以前、このお役立ち情報でも紹介しましたが、ご承知のように、戦後の1947年から49年のベビーブームに生まれ、日本の高度経済成長を支えた団塊の世代は今年から、定年の60歳を迎えます。2007年問題は日本経済や企業にとってチャンスなのかピンチなのか。団塊の大量退職がもたらすさまざまな現象を、今一度探りたいと思います。
今回は、“団塊退職その後”についてお伝えしたいと思います。

民間調査機関の多くは、団塊世代が今後3年間に受け取る退職金を50兆円前後と見込んでいます。資金獲得競争では、団塊世代との接点をいかに作るかがポイントとなります。入社、結婚、住宅購入と、サラリーマンのライフサイクルに合わせて顧客獲得を狙う銀行にとって、定年退職は最後のビックチャンスになるからです。電通が昨年12月実施した退職金に関する意識調査によると、団塊世代が退職金を最初に預けるつもりなのは普通預金(50%)や定期預金(42%)であり、回答者の77%はいずれ別の金融機関や金融商品に移すと答えています。

金利優遇などで資金を集めても、団塊マネーは移ろいやすい傾向があります。すなわち、優れた商品を出して、顧客を本当に大切にするというイメージをいち早く確立できたところが団塊マーケットを制すると思われるからです。団塊世代が、ゆとりある第二の人生を過ごすために、どのような資金プランを提案するか。金融機関にとって知恵の見せ所となるでしょう。

一方、定年退職からのセカンドライフについて考えると、この時間は約7万時間と言われていますが、一日のうち家事や睡眠などに費やす「日常生活時間」14時間を除いて、団塊世代が定年から80歳までに、自由に使える時間の合計となります。

豊富な「自由時間」を得る団塊世代に、企業は熱い視線を送っています。本命と見られるのが旅行です。団塊退職は消費を7.8兆円押し上げる効果があり、旅行だけで1.1兆円と推測されます。

また、豊かな老後には、健康面の安心も欠かせません。

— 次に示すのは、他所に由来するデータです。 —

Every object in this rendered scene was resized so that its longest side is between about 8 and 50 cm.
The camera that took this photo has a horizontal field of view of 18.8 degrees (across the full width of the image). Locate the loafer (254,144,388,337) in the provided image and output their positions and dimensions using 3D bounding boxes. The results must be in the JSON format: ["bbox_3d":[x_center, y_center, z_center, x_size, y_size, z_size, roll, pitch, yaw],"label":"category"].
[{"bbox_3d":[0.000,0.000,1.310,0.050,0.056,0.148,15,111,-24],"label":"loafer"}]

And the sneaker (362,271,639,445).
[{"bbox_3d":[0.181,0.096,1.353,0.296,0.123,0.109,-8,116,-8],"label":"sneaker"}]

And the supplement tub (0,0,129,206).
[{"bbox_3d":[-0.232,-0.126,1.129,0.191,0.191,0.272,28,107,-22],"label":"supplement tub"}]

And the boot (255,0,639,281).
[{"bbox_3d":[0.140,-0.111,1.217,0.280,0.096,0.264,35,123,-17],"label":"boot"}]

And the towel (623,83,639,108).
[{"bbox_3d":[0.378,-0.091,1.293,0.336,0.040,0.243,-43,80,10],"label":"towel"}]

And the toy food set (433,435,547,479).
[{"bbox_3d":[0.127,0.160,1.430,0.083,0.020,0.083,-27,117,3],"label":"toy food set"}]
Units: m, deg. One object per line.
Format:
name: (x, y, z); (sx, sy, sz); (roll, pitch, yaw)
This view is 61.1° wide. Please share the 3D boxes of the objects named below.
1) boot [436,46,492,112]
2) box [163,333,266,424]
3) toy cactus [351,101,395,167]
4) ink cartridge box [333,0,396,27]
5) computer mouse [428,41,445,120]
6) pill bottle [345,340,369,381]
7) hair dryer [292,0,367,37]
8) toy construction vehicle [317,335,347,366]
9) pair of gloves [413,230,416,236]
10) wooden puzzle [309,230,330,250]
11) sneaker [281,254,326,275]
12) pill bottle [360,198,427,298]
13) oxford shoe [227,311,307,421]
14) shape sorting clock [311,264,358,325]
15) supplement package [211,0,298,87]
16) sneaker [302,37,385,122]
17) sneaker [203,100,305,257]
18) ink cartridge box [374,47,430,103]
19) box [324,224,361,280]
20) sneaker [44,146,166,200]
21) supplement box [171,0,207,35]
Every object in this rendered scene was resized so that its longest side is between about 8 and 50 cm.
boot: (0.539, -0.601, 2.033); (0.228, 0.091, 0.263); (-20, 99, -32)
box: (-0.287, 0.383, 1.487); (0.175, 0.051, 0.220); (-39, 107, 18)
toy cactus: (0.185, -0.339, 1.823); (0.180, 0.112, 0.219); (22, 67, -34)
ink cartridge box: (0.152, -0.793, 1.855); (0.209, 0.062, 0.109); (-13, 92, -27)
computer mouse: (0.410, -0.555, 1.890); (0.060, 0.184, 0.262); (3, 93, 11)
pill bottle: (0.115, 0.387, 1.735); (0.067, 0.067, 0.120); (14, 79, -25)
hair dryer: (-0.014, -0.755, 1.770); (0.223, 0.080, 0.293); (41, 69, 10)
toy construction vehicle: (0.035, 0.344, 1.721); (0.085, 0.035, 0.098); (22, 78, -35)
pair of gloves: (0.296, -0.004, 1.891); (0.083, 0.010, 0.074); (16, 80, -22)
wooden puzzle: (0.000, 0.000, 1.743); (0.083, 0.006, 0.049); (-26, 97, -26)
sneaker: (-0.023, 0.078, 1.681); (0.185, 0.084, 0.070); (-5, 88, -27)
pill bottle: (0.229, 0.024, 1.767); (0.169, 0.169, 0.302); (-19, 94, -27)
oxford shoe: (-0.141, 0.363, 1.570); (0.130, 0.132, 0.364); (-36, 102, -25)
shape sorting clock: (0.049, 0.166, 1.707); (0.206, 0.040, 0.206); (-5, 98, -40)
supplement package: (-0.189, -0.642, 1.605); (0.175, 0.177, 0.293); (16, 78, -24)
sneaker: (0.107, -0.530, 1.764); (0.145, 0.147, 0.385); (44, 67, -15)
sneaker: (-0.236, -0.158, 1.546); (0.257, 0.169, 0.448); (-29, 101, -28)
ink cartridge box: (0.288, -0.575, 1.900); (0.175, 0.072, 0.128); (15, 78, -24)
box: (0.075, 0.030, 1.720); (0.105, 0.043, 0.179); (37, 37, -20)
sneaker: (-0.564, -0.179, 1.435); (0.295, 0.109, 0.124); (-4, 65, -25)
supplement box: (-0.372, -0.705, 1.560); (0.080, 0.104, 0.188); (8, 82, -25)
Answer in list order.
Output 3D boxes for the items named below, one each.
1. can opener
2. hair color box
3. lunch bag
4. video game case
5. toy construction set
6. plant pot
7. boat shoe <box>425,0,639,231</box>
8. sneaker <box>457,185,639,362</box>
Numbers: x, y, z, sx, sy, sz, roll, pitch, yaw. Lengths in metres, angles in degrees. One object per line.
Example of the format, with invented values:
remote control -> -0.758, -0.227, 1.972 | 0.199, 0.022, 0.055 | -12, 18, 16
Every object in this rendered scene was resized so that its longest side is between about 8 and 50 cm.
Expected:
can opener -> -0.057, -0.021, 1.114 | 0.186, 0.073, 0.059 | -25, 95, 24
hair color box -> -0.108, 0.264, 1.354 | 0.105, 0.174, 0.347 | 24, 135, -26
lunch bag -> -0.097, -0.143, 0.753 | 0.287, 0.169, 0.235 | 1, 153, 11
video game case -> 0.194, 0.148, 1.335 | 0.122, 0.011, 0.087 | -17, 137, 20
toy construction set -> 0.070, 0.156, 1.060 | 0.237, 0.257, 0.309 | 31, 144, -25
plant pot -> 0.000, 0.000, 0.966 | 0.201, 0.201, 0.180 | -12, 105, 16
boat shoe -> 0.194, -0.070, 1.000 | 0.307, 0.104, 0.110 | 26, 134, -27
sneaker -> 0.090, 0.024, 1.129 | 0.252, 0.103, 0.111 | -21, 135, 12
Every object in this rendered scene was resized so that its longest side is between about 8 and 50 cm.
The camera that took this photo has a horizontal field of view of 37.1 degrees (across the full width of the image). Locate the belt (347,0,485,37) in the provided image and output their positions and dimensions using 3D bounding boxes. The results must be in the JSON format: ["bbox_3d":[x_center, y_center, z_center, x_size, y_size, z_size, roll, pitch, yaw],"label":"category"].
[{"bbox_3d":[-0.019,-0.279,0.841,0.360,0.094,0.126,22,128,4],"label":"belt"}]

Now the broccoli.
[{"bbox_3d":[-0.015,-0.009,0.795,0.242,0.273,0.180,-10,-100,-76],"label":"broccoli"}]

ある商社は、全国でも珍しい総合病院併設の分譲マンションを開発しており、介護や医療関係の資格を持つ管理人も24時間常駐させています。

しかし、企業が期待するほど、団塊世代の消費は盛り上がらないとの見方もあります。大手証券会社は、今後3年で約50兆円と見込まれる団塊退職金のほとんどは住宅ローンなどの返済や金融資産に回り、退職後1年で消費に使われるのは1割にとどまると予測しています。56〜60歳の世帯で1年前より消費が増えた世帯は18%と、全世帯平均の31%を大きく下回ります。団塊世代の消費について、退職記念で一点豪華主義に走る人はいると思われますが、普段は堅実で、財布のヒモは意外に固いだろうと推測されます。

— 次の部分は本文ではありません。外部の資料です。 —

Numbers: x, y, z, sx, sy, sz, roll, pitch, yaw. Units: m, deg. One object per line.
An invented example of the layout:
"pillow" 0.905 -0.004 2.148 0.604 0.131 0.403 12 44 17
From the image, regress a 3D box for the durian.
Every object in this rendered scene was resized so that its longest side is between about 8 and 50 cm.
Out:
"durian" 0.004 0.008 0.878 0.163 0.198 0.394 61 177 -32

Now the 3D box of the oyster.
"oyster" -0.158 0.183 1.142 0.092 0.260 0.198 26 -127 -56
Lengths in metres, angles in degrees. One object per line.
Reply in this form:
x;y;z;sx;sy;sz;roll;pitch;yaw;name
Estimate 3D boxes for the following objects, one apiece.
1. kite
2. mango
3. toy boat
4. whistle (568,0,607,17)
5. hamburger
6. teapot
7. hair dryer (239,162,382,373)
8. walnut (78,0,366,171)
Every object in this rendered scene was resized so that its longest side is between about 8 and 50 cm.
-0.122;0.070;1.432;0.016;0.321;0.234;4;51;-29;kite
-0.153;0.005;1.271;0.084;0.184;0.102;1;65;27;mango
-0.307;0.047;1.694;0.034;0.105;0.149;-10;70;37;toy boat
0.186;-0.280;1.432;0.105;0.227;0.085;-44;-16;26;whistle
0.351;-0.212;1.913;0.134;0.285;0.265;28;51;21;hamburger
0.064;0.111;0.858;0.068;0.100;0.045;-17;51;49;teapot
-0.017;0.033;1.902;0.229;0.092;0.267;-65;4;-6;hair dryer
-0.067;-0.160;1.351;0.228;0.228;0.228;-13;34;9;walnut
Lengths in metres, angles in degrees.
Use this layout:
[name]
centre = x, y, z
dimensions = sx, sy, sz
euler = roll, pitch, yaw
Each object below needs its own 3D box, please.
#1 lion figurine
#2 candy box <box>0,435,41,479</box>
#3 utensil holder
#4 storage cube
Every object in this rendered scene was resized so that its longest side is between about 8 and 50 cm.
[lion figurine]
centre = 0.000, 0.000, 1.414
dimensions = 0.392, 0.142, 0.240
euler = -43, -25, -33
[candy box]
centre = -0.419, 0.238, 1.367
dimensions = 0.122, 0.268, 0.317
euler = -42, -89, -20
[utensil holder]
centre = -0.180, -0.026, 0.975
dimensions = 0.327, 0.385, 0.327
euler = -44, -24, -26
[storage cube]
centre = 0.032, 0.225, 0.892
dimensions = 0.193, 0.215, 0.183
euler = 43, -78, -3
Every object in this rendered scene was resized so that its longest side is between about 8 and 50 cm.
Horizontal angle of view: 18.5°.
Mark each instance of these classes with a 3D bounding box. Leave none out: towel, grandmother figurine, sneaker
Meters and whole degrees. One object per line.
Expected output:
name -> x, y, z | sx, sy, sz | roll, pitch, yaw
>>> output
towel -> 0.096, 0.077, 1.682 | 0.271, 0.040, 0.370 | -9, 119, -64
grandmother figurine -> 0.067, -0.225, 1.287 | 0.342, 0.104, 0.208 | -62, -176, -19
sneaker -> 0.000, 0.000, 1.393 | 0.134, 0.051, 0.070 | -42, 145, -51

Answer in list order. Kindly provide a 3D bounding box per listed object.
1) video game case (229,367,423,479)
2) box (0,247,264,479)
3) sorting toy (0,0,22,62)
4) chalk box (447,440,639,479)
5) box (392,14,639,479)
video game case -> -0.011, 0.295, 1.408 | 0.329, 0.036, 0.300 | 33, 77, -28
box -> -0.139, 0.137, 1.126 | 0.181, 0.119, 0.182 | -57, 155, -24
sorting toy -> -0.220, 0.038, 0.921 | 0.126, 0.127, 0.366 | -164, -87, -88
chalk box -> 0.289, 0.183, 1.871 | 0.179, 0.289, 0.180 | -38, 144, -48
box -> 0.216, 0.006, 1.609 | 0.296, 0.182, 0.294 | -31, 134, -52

さらに、消費に占める60歳以上の高齢者世帯の割合は07年から急上昇を始め、06年の34%台から12年には39%超になると推測されます。高齢者世帯の割合が高くなりすぎると、消費全体にマイナスとなります。団塊世代の大量退職は、10年初めまでは追い風になりますが、その後は一転して景気を押し下げる方向に作用する公算が大きくなるでしょう。シニア向け商品の開発など目先の需要への対応だけでなく、海外市場の開拓など「2007年問題」の後を見据えた企業戦略が求められています。

先を見ると労働力の減少にも注視が必要となります。あるシンクタンクは、「高齢者の再雇用が進まないと、日本の労働力人口の減少数は07年の33万人から拡大を続け、12年と13年に46万人のピークを迎える」さらに、内閣府は、「労働力の減少が10年度から10年間の経済成長率を、毎年0.7〜0.9ポイント押し下げる」としており、これらのことから人手不足による経済成長の鈍化を防ぐには、高齢者や女性を働き手として活用する必要が不可欠であると思われます。

もとより、団塊世代の大量退職は、日本人の働き方を大きく変えようとしています。
ある電気メーカーは、定年延長制度を導入しましたが、実際に定年を延長した社員は04年度まで毎年2〜5%とごくわずかでした。原因は、社員アンケートにより60歳以降の給与が定額制で差が付かないなど、硬直的な処遇への不満が強く現れていたことにありました。その結果、「人員は確保したいが人件費は抑える、そのような、会社の都合だけを考えた制度はうまくいかない」との反省から、昨年6月に60歳以降も成果に応じて給与に差を付ける制度に改めました。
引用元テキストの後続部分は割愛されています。